* PROBLEM TO SOLVE
In the material below, the required lines run from the one containing "Line((-4, 78), (-4, 67))" through the one containing "solid = part.part". Copy those lines exactly, ends included, and nothing else.

* GIVEN INFORMATION
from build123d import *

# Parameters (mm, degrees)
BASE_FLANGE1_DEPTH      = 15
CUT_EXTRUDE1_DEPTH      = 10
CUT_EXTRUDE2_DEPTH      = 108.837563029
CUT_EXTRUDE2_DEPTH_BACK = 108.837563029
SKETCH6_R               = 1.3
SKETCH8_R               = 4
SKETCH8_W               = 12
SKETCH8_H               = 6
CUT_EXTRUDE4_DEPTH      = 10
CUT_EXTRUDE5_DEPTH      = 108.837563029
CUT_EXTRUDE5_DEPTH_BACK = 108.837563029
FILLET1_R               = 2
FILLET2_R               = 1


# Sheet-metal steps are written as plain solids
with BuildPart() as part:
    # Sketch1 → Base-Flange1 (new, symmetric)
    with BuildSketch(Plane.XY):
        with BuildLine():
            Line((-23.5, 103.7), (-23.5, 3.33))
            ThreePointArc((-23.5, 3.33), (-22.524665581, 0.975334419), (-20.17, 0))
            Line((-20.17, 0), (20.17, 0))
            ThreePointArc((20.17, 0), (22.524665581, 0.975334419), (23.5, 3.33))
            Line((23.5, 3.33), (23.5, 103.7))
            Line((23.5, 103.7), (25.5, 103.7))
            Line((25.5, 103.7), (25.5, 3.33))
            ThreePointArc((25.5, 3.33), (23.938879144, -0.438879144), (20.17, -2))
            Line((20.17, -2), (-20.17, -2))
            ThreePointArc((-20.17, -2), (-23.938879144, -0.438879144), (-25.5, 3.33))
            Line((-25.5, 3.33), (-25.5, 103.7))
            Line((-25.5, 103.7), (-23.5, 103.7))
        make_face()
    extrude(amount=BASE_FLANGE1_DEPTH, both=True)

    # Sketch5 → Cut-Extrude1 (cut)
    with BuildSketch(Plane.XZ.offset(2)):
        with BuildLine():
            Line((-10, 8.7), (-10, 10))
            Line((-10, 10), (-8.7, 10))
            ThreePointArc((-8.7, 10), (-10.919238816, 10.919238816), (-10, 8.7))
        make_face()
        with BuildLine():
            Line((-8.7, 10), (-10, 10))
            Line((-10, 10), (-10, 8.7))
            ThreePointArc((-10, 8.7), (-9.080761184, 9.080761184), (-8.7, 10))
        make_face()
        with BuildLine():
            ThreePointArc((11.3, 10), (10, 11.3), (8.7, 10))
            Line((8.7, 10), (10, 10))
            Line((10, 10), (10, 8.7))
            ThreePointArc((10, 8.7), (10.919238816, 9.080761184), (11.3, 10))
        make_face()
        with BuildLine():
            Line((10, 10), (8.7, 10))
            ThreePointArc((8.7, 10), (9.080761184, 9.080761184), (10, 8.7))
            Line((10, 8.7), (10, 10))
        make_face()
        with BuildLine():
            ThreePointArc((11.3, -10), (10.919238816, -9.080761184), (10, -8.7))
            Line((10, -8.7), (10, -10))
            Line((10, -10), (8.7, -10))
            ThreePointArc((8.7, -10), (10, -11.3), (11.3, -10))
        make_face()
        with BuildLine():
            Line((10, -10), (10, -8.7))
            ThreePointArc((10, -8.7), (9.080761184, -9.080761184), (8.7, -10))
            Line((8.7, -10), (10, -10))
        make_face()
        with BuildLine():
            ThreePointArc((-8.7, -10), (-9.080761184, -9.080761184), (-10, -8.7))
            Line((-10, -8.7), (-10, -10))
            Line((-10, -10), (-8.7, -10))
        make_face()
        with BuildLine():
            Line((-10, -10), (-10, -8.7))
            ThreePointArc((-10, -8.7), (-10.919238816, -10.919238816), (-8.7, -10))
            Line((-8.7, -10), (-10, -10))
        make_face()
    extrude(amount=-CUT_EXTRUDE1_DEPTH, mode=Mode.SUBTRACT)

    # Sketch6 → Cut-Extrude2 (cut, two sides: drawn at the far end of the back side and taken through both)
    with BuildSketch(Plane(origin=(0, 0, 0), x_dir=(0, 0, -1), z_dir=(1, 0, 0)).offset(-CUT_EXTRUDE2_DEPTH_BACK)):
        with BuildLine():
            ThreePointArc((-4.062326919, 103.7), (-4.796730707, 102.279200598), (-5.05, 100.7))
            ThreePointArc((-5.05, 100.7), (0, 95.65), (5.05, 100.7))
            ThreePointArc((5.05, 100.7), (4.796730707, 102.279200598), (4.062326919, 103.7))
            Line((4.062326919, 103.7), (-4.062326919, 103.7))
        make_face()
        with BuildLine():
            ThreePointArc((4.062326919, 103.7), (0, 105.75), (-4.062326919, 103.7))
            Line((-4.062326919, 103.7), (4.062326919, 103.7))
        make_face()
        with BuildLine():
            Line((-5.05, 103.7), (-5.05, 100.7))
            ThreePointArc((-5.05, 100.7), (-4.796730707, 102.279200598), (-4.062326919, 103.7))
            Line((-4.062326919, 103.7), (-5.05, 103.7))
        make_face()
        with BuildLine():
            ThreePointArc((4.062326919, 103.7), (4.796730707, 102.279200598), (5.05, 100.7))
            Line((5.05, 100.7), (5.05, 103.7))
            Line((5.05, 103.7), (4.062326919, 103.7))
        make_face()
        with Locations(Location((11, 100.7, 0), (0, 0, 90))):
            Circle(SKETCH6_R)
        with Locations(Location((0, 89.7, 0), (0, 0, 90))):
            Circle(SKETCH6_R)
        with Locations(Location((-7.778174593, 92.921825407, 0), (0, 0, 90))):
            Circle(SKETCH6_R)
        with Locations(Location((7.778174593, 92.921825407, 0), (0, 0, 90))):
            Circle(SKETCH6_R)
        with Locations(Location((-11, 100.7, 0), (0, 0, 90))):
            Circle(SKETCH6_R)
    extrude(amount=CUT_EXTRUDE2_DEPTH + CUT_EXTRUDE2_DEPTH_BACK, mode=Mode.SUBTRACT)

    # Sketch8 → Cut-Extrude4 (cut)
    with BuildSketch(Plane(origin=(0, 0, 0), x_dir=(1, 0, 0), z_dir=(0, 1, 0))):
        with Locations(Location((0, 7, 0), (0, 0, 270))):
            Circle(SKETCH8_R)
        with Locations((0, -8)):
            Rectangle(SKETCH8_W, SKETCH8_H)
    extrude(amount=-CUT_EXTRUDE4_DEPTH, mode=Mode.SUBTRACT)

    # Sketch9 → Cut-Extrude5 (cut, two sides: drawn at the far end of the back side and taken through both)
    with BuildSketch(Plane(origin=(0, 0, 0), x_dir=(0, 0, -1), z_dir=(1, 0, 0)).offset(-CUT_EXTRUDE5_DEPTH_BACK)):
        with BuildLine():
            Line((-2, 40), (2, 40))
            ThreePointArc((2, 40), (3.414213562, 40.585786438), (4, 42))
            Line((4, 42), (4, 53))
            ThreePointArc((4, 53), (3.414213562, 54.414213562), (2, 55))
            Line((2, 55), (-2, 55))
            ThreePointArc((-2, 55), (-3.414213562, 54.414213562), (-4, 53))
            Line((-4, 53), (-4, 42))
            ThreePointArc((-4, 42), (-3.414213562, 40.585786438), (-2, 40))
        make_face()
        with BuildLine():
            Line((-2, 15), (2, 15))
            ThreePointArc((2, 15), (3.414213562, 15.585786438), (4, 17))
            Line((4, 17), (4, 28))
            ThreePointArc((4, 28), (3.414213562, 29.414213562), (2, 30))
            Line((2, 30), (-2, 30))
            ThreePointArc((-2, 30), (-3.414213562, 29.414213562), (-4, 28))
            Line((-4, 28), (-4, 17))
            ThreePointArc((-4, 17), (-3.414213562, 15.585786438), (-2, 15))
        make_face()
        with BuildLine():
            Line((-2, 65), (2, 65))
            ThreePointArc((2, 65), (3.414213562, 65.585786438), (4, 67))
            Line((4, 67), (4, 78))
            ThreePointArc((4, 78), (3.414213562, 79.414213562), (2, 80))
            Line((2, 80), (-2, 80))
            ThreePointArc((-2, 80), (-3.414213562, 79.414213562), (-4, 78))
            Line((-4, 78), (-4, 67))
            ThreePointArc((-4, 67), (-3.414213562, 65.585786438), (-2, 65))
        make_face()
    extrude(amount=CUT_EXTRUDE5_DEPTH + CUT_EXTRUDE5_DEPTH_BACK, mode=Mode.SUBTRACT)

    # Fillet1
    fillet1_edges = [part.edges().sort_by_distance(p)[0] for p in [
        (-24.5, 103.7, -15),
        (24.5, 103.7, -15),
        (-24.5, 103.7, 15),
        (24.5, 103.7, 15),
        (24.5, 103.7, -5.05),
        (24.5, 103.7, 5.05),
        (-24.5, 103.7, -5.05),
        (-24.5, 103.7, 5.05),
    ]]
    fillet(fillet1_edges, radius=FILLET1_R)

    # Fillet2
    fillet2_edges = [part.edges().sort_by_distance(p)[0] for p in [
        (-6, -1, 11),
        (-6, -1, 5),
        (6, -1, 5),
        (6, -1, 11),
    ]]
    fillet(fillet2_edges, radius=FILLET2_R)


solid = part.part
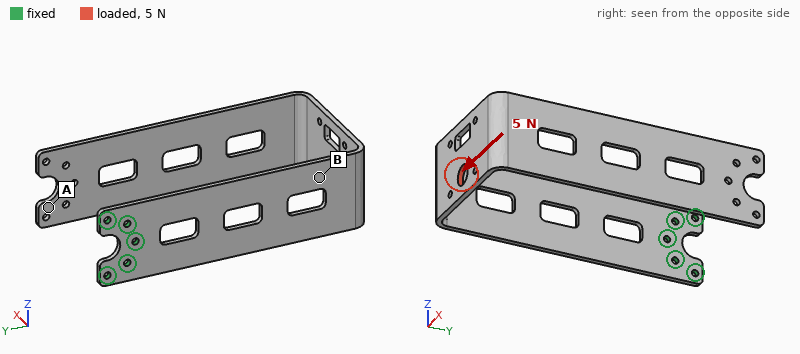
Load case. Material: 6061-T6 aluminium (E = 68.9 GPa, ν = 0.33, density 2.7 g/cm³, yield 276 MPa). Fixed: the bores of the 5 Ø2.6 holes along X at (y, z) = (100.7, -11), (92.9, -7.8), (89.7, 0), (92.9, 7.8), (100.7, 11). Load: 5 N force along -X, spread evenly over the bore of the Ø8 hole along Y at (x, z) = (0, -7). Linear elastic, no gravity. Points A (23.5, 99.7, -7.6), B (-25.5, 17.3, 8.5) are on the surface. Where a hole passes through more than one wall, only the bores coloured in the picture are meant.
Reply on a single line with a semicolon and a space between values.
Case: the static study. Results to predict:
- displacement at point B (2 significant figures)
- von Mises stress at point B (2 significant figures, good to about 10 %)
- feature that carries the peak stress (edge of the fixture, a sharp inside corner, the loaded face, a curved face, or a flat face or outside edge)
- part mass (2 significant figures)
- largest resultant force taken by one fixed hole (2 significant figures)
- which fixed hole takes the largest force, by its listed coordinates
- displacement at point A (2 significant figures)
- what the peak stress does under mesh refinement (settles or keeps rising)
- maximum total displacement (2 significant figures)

0.77 mm; 6.6 MPa; edge of the fixture; 36 g; 30 N; (89.7, 0); 1.2 mm; keeps rising; 1.4 mm
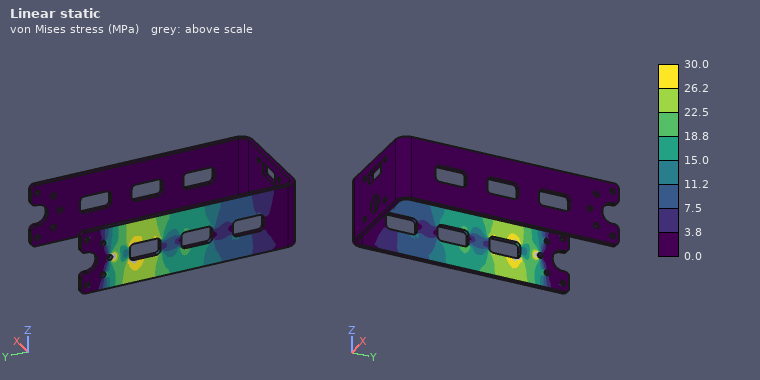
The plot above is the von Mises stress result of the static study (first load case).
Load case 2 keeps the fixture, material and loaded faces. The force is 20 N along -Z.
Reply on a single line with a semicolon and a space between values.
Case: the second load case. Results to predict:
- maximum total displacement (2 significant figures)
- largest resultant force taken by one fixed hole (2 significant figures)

1.4 mm; 67 N
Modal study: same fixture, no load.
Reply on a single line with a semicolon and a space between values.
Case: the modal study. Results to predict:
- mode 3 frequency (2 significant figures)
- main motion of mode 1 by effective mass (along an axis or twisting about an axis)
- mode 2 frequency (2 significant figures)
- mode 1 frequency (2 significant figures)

88 Hz; along Y; 87 Hz; 60 Hz

* YOUR SOLUTION
            Line((-4, 78), (-4, 67))
            ThreePointArc((-4, 67), (-3.414213562, 65.585786438), (-2, 65))
        make_face()
    extrude(amount=CUT_EXTRUDE5_DEPTH + CUT_EXTRUDE5_DEPTH_BACK, mode=Mode.SUBTRACT)

    # Fillet1
    fillet1_edges = [part.edges().sort_by_distance(p)[0] for p in [
        (-24.5, 103.7, -15),
        (24.5, 103.7, -15),
        (-24.5, 103.7, 15),
        (24.5, 103.7, 15),
        (24.5, 103.7, -5.05),
        (24.5, 103.7, 5.05),
        (-24.5, 103.7, -5.05),
        (-24.5, 103.7, 5.05),
    ]]
    fillet(fillet1_edges, radius=FILLET1_R)

    # Fillet2
    fillet2_edges = [part.edges().sort_by_distance(p)[0] for p in [
        (-6, -1, 11),
        (-6, -1, 5),
        (6, -1, 5),
        (6, -1, 11),
    ]]
    fillet(fillet2_edges, radius=FILLET2_R)


solid = part.part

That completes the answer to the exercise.